What the task requires - For the entries that appear below, write out the exact text and omit the pictures.

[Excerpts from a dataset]

__________

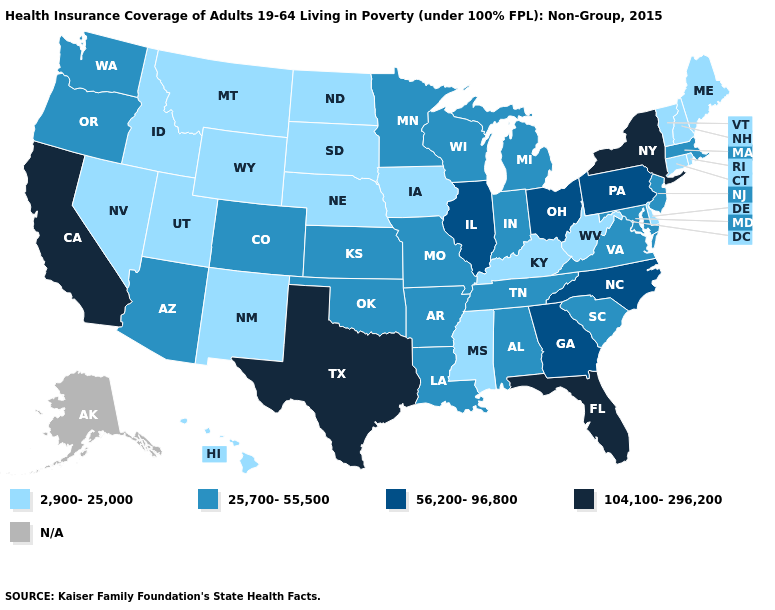What is the lowest value in the USA?
Be succinct. 2,900-25,000. What is the value of Indiana?
Be succinct. 25,700-55,500. Among the states that border Oregon , which have the lowest value?
Write a very short answer. Idaho, Nevada. What is the value of North Dakota?
Short answer required. 2,900-25,000. Among the states that border Texas , which have the highest value?
Write a very short answer. Arkansas, Louisiana, Oklahoma. What is the lowest value in the South?
Quick response, please. 2,900-25,000. Does the map have missing data?
Keep it brief. Yes. Does Arizona have the highest value in the USA?
Give a very brief answer. No. Name the states that have a value in the range 104,100-296,200?
Short answer required. California, Florida, New York, Texas. How many symbols are there in the legend?
Be succinct. 5. What is the highest value in states that border Alabama?
Keep it brief. 104,100-296,200. Does the map have missing data?
Give a very brief answer. Yes. Which states have the lowest value in the USA?
Quick response, please. Connecticut, Delaware, Hawaii, Idaho, Iowa, Kentucky, Maine, Mississippi, Montana, Nebraska, Nevada, New Hampshire, New Mexico, North Dakota, Rhode Island, South Dakota, Utah, Vermont, West Virginia, Wyoming.

__________

Result of this task -
What is the lowest value in the USA?
Be succinct. 2,900-25,000. What is the value of Indiana?
Be succinct. 25,700-55,500. Among the states that border Oregon , which have the lowest value?
Write a very short answer. Idaho, Nevada. What is the value of North Dakota?
Short answer required. 2,900-25,000. Among the states that border Texas , which have the highest value?
Write a very short answer. Arkansas, Louisiana, Oklahoma. What is the lowest value in the South?
Quick response, please. 2,900-25,000. Does the map have missing data?
Keep it brief. Yes. Does Arizona have the highest value in the USA?
Give a very brief answer. No. Name the states that have a value in the range 104,100-296,200?
Short answer required. California, Florida, New York, Texas. How many symbols are there in the legend?
Be succinct. 5. What is the highest value in states that border Alabama?
Keep it brief. 104,100-296,200. Does the map have missing data?
Give a very brief answer. Yes. Which states have the lowest value in the USA?
Quick response, please. Connecticut, Delaware, Hawaii, Idaho, Iowa, Kentucky, Maine, Mississippi, Montana, Nebraska, Nevada, New Hampshire, New Mexico, North Dakota, Rhode Island, South Dakota, Utah, Vermont, West Virginia, Wyoming.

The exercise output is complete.